In an open letter addressed to the Chief Justice, PTI stated that human rights violations are being carried out deliberately and systematically across the country.
The letter reads in part: “For this reason, we demand that the Supreme Court immediately restore its constitutional authority, enforce its rulings without exception, and hold defiant officials accountable. Judicial independence must be reinstated, and urgent relief must be provided to victims of political persecution, enforced disappearances, and suppression of dissent. Failure to act will only mean that justice in Pakistan is selective, subordinate, and inaccessible to the public.”

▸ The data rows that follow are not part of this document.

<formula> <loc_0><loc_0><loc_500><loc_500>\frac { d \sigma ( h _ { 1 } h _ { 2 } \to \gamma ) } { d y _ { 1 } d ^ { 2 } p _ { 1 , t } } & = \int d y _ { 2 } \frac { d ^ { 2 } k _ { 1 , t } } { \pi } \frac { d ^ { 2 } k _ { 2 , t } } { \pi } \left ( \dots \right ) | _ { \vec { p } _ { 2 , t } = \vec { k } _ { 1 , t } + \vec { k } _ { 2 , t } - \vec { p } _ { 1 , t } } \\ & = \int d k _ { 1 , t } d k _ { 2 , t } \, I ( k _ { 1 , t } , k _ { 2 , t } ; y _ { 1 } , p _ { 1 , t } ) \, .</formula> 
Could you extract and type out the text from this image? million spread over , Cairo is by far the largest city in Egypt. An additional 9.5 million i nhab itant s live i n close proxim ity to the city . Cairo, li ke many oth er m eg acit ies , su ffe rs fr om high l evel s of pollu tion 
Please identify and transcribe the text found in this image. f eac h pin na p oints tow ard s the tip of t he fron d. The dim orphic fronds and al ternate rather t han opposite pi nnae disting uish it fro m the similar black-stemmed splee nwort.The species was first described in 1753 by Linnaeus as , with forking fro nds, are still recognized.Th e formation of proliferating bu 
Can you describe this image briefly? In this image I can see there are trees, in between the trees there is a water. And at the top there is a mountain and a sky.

The letter further claims that former Prime Minister Imran Khan is clearly a victim of political persecution and is being kept in prison through fabricated cases. It also alleges that thousands of PTI members and supporters have been unlawfully arrested and imprisoned.
PTI sent the open letter at a time when, just last week, a court in Islamabad issued an arrest warrant for Khyber Pakhtunkhwa Chief Minister Sohail Afridi.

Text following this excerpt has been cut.